TPP Trade Pact Would Give Wall Street a Trump Card to Block Regulations

In what may be the biggest gift to banks in a deal full of giveaways to Hollywood, the drug industry and technology firms, financial institutions would be able to appeal any national rules they didn’t like to independent, international tribunals staffed by friendly corporate lawyers.

That could nullify a proposal by Hillary Clinton to impose a “risk fee” on financial firms — or the Elizabeth Warren/Bernie Sanders plan to reinstate the firewall between investment and commercial banks.

Financial firms could demand compensation for these measures that would make them too expensive to manage.

The TPP, a 12-nation pact with countries in Asia and the Americas that requires congressional approval, includes an investor-state dispute settlement (ISDS) system. This allows foreign companies operating in TPP member countries to enforce the agreement without using that country’s court system. Instead, corporations can sue for monetary damages in independent tribunals before corporate lawyers who can rotate between advocating for investors and judging the cases themselves.

The lawyers have an inherent incentive to encourage more challenges with favorable rulings, so they can be paid to arbitrate them. Labor unions who allege violations of the trade deal cannot use ISDS directly; only international investors, i.e. large corporations, can.

Hundreds of past trade deals have included ISDS, usually as a special insurance policy for countries operating in emerging markets. But language in the TPP could be directed to target American financial laws and regulations.

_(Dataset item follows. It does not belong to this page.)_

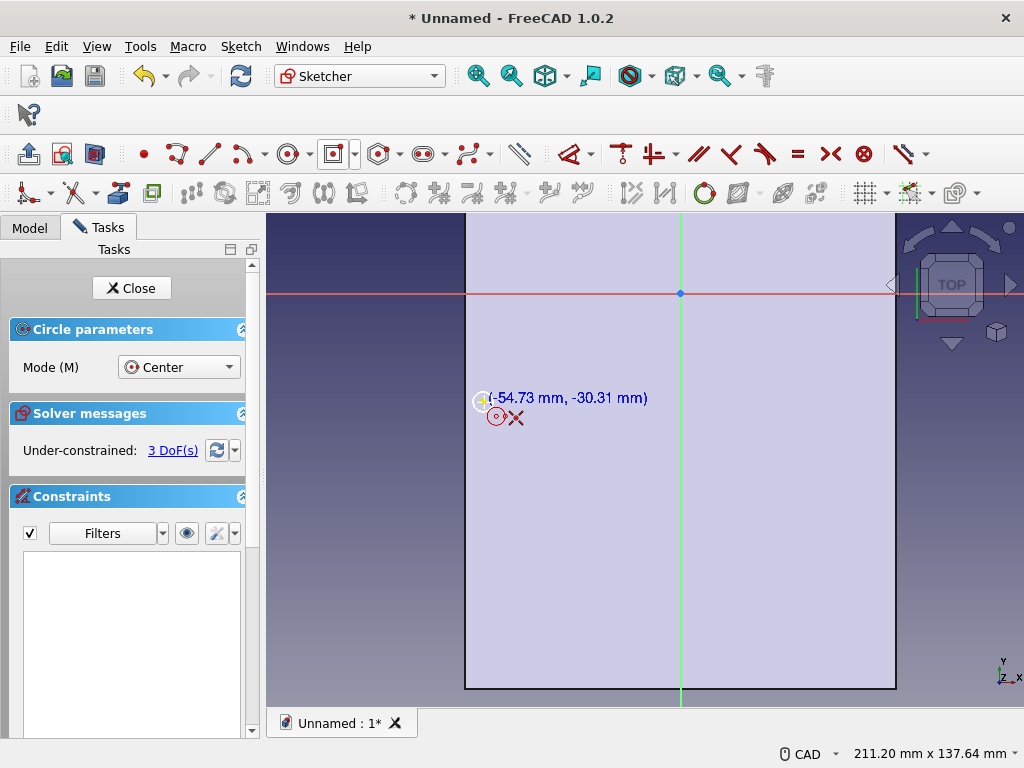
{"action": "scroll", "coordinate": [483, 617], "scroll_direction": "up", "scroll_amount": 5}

In prior deals, financial services providers were limited to making ISDS challenges based on discrimination — where foreign companies were subject to more stringent rules than their domestic counterparts — or an illegal “taking” of their investments. These types of challenges have been largely unsuccessful in ISDS tribunals.

But now, for the first time, financial institutions could make an ISDS claim based on not receiving a “minimum standard of treatment.” This is the most flexible type of claim. “Over time, tribunals have interpreted this to mean that the company gets compensation if the change in policy disappoints their expectations of future profits,” said Lori Wallach of Public Citizen’s Global Trade Watch.

Article 11.2 of the agreement confirms that financial services providers are covered under the minimum standard of treatment obligation. This means that almost any change in financial regulations affecting future profits could be challenged in an extra-judicial tribunal, even if they equally applied to foreign and domestic firms and even if they were enacted in response to a crisis.

The change to ISDS had been rumored in recent weeks but has now been confirmed by the language in the agreement.

The U.S. Trade Representative’s office claims in a fact sheet that they improved the ISDS process to ensure that countries have the right to “regulate in the public interest,” including in the financial sector. And they point to this language in the investment chapter: “The mere fact that a Party takes or fails to take an action that may be inconsistent with an investor’s expectations does not constitute a breach” of minimum standard of treatment, “even if there is loss or damage to the covered investment as a result.”

But according to Wallach, “The language the Administration has pointed to as the fix is identical to what has been in trade agreements since CAFTA,” referring to a free trade deal with Central America. “Tribunals have systematically ignored it and continue to make broad interpretations.”

Public Citizen estimates that ISDS rulings carried out under U.S. free trade agreements and bilateral treaties have ordered over $3.6 billion in compensation to investors. To use one example, Exxon-Mobil won $17.3 million from Canada this year in an ISDS tribunal, after claiming that a law forcing offshore oil drillers to spend a percentage of revenues on local economic development violated the North American Free Trade Agreement. With the far larger amounts at stake in U.S. financial regulations, the compensation awards could be much higher.

Importantly, there is no ability to appeal an ISDS ruling, so even if countries believe it has been interpreted poorly, they cannot change the outcome and would owe potentially billions in compensation.

“We don’t see that this ISDS is watered-down at all,” said Celeste Drake, trade and globalization policy specialist for the AFL-CIO. “It actually doubles down by providing more access to challenge laws, especially financial services.”

The text is frustratingly circular about a country’s right to regulate. For example, there’s this sentence in the financial services chapter: “For greater certainty, nothing in this Chapter shall be construed to prevent a Party from adopting or enforcing measures necessary to secure compliance with laws or regulations that are not inconsistent with this Chapter.”